▶ [Work request] Isolate every line in the data with the string "culture" and copy it.

------ Provided records

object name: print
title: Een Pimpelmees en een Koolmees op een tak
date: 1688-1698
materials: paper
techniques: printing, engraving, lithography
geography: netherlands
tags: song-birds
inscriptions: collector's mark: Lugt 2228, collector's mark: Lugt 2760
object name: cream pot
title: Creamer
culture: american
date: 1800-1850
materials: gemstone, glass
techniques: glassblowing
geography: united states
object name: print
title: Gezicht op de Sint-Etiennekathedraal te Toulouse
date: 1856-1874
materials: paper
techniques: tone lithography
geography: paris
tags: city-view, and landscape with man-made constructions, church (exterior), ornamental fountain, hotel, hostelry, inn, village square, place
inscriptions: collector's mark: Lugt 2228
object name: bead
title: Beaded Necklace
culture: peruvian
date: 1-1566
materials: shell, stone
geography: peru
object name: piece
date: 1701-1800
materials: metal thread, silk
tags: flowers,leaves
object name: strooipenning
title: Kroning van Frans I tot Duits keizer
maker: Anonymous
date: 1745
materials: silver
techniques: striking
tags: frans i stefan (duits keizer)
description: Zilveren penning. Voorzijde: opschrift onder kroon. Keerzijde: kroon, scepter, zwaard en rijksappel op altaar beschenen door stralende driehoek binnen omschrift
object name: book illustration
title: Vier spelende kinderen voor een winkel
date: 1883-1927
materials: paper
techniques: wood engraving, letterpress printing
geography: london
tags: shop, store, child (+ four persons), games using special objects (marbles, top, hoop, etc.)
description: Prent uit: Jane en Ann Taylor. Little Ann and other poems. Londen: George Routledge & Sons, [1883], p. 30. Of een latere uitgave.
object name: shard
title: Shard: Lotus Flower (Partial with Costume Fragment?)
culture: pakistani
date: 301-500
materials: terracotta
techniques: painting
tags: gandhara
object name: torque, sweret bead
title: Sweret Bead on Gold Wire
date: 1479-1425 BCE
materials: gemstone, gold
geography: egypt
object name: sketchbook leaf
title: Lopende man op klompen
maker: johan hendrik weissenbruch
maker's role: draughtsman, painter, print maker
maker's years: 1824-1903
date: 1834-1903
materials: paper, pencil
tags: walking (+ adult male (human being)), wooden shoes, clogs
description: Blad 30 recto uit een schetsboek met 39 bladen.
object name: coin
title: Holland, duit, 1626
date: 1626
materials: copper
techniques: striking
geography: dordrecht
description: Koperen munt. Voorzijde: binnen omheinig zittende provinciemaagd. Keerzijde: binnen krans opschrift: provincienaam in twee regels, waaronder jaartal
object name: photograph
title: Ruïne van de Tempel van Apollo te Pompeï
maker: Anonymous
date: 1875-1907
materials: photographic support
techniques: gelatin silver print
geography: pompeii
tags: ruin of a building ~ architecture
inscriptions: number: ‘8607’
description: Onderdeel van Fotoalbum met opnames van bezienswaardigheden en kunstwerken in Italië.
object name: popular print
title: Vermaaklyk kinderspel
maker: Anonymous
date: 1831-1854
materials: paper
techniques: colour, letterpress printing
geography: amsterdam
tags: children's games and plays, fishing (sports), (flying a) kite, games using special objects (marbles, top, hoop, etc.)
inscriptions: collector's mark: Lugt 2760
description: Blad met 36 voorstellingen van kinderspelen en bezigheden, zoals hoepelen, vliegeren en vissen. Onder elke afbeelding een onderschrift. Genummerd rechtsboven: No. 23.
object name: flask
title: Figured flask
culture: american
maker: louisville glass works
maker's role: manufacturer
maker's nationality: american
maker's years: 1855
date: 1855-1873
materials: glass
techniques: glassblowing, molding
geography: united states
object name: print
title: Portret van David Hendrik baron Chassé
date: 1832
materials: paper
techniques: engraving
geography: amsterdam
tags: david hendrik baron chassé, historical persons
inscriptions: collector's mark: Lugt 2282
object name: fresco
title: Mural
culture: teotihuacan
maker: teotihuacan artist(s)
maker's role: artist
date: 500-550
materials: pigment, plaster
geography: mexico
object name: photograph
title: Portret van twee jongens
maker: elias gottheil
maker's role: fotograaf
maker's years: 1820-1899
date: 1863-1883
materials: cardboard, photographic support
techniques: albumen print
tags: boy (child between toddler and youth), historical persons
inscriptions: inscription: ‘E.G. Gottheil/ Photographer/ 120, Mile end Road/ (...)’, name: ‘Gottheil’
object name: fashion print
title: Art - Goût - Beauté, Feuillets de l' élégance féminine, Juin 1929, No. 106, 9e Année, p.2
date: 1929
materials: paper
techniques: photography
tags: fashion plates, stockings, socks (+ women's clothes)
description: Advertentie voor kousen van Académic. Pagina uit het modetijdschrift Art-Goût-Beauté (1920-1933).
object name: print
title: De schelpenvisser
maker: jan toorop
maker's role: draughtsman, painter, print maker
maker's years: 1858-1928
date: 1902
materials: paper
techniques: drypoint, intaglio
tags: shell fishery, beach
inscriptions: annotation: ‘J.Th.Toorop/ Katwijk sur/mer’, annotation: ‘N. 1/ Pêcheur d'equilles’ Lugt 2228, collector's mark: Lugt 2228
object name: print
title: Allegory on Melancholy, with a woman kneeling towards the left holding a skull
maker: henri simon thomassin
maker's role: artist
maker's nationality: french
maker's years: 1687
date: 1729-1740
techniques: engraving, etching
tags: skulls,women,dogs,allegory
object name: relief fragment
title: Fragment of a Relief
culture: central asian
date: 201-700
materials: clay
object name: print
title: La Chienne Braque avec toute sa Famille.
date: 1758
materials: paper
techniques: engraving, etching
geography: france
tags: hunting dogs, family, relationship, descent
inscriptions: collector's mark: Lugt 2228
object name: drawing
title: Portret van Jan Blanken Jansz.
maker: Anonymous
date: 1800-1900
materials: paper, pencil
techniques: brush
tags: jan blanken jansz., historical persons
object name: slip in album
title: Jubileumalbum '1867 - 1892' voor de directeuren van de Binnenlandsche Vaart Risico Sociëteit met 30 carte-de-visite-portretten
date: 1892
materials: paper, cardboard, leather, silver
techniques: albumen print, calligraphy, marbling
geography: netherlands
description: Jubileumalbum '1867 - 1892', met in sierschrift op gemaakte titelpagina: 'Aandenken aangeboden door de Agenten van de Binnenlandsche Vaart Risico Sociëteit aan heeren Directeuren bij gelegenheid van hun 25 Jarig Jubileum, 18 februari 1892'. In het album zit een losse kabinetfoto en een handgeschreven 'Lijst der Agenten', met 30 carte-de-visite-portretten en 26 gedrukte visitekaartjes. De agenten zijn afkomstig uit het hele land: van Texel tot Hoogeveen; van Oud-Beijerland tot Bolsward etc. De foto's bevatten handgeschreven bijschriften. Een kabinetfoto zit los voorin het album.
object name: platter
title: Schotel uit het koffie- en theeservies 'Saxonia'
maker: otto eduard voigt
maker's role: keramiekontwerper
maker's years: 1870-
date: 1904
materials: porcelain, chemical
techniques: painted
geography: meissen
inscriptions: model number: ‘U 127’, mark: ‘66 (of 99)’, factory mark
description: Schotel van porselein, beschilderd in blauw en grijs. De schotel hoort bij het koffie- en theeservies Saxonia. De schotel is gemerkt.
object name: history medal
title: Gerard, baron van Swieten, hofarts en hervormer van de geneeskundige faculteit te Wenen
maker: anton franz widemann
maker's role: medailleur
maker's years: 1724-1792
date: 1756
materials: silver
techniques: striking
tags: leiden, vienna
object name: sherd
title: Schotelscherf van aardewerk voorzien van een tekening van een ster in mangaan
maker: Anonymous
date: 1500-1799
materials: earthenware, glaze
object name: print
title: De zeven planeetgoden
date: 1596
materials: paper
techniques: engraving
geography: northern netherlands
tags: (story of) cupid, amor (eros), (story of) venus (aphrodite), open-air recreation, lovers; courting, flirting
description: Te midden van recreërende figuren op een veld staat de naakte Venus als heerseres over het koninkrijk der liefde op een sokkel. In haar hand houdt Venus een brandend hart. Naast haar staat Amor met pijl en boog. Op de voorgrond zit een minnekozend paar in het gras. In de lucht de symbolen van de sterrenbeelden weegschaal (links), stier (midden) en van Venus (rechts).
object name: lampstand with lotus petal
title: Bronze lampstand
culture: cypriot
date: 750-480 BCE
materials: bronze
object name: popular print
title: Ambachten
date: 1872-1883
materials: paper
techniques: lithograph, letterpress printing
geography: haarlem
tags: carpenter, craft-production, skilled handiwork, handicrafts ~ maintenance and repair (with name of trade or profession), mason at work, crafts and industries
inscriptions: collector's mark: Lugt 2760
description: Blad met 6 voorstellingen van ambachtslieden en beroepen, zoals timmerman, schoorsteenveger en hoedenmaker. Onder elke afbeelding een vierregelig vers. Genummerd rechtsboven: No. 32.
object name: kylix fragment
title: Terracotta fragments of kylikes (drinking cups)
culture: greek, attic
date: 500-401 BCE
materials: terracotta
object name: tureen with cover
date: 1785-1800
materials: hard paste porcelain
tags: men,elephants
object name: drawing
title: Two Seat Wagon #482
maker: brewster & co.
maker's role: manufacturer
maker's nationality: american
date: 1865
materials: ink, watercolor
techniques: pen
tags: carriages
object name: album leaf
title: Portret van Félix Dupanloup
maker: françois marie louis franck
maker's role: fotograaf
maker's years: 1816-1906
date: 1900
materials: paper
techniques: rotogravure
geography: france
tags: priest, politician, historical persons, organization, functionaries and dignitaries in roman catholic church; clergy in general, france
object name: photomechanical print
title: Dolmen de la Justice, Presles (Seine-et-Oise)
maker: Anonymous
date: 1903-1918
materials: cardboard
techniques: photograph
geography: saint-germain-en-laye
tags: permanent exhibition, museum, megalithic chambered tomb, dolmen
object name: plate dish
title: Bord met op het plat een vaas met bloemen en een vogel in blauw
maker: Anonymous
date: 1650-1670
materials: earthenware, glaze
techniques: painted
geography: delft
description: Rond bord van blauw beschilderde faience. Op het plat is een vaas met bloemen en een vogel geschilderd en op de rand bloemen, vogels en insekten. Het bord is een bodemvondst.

------------

▶ [Solution for this task]
culture: american
culture: peruvian
culture: pakistani
culture: american
culture: teotihuacan
culture: central asian
culture: cypriot
culture: greek, attic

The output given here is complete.